» **What you are asked to do**
Exclude all pictures from your copy of the data below, which should otherwise match exactly.

» **Recorded information**
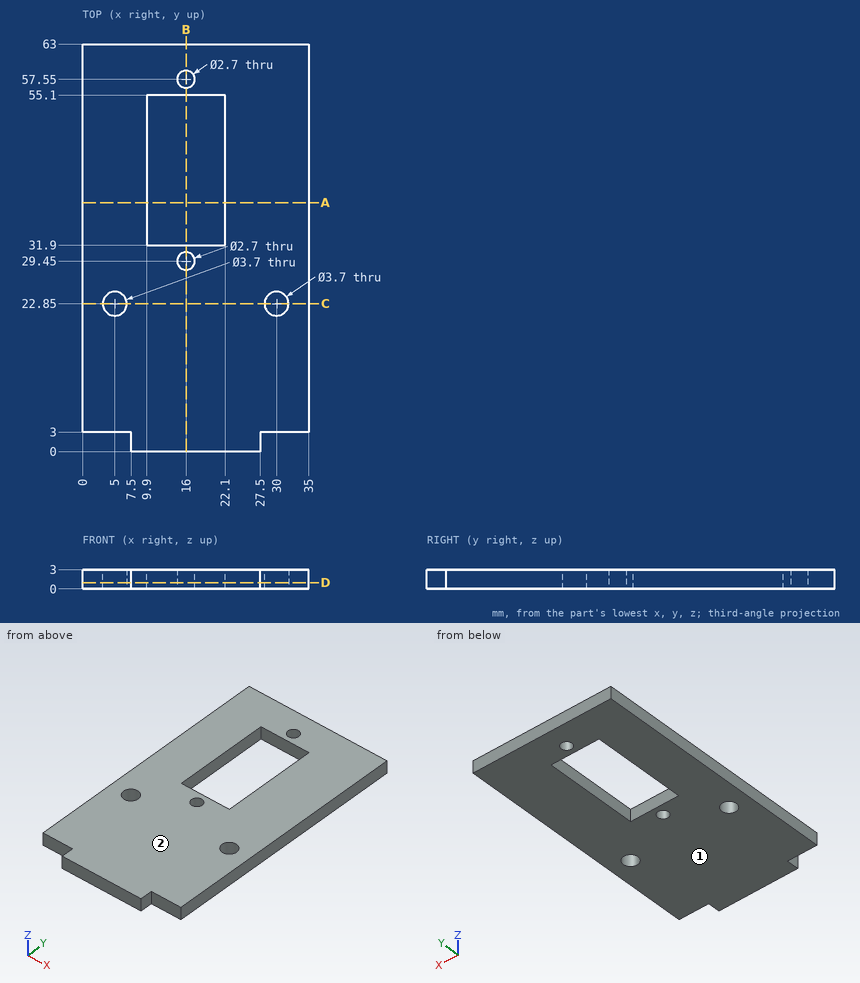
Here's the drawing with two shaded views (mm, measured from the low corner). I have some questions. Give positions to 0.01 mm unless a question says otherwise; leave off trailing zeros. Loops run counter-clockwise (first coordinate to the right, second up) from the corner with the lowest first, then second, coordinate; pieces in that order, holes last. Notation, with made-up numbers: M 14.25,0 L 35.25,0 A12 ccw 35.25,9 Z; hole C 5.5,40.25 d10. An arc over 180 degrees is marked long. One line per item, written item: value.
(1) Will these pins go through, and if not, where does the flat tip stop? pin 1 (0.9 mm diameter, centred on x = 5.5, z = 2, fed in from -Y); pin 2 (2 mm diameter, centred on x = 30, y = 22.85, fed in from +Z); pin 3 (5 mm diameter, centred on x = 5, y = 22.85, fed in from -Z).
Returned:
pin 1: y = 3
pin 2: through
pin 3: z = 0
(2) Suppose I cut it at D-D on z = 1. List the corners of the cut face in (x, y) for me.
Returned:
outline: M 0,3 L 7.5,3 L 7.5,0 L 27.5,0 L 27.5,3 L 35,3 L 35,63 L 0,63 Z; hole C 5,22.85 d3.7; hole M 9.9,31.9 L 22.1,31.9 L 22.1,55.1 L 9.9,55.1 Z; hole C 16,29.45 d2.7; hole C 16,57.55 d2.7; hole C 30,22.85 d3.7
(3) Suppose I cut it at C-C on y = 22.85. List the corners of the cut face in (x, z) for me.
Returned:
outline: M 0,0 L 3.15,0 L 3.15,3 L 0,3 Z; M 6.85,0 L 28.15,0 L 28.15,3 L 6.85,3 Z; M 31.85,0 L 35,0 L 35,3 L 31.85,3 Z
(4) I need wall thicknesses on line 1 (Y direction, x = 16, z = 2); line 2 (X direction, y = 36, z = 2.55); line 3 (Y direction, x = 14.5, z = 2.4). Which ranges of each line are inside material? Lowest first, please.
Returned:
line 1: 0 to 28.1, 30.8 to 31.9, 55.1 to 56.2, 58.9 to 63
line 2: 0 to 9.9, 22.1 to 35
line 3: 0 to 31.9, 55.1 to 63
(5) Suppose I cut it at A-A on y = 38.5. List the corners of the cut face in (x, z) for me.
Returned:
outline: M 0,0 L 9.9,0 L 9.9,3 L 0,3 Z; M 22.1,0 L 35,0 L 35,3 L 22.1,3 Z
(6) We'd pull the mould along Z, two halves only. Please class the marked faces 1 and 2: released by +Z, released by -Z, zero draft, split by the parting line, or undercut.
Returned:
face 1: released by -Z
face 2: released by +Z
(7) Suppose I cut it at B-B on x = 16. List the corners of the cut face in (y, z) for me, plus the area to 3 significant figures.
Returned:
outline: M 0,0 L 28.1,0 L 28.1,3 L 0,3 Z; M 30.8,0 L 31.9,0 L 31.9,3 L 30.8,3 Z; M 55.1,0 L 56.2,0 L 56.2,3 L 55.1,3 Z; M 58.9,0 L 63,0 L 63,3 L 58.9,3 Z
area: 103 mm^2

» **Your solution**
Here's the drawing with two shaded views (mm, measured from the low corner). I have some questions. Give positions to 0.01 mm unless a question says otherwise; leave off trailing zeros. Loops run counter-clockwise (first coordinate to the right, second up) from the corner with the lowest first, then second, coordinate; pieces in that order, holes last. Notation, with made-up numbers: M 14.25,0 L 35.25,0 A12 ccw 35.25,9 Z; hole C 5.5,40.25 d10. An arc over 180 degrees is marked long. One line per item, written item: value.
(1) Will these pins go through, and if not, where does the flat tip stop? pin 1 (0.9 mm diameter, centred on x = 5.5, z = 2, fed in from -Y); pin 2 (2 mm diameter, centred on x = 30, y = 22.85, fed in from +Z); pin 3 (5 mm diameter, centred on x = 5, y = 22.85, fed in from -Z).
Returned:
pin 1: y = 3
pin 2: through
pin 3: z = 0
(2) Suppose I cut it at D-D on z = 1. List the corners of the cut face in (x, y) for me.
Returned:
outline: M 0,3 L 7.5,3 L 7.5,0 L 27.5,0 L 27.5,3 L 35,3 L 35,63 L 0,63 Z; hole C 5,22.85 d3.7; hole M 9.9,31.9 L 22.1,31.9 L 22.1,55.1 L 9.9,55.1 Z; hole C 16,29.45 d2.7; hole C 16,57.55 d2.7; hole C 30,22.85 d3.7
(3) Suppose I cut it at C-C on y = 22.85. List the corners of the cut face in (x, z) for me.
Returned:
outline: M 0,0 L 3.15,0 L 3.15,3 L 0,3 Z; M 6.85,0 L 28.15,0 L 28.15,3 L 6.85,3 Z; M 31.85,0 L 35,0 L 35,3 L 31.85,3 Z
(4) I need wall thicknesses on line 1 (Y direction, x = 16, z = 2); line 2 (X direction, y = 36, z = 2.55); line 3 (Y direction, x = 14.5, z = 2.4). Which ranges of each line are inside material? Lowest first, please.
Returned:
line 1: 0 to 28.1, 30.8 to 31.9, 55.1 to 56.2, 58.9 to 63
line 2: 0 to 9.9, 22.1 to 35
line 3: 0 to 31.9, 55.1 to 63
(5) Suppose I cut it at A-A on y = 38.5. List the corners of the cut face in (x, z) for me.
Returned:
outline: M 0,0 L 9.9,0 L 9.9,3 L 0,3 Z; M 22.1,0 L 35,0 L 35,3 L 22.1,3 Z
(6) We'd pull the mould along Z, two halves only. Please class the marked faces 1 and 2: released by +Z, released by -Z, zero draft, split by the parting line, or undercut.
Returned:
face 1: released by -Z
face 2: released by +Z
(7) Suppose I cut it at B-B on x = 16. List the corners of the cut face in (y, z) for me, plus the area to 3 significant figures.
Returned:
outline: M 0,0 L 28.1,0 L 28.1,3 L 0,3 Z; M 30.8,0 L 31.9,0 L 31.9,3 L 30.8,3 Z; M 55.1,0 L 56.2,0 L 56.2,3 L 55.1,3 Z; M 58.9,0 L 63,0 L 63,3 L 58.9,3 Z
area: 103 mm^2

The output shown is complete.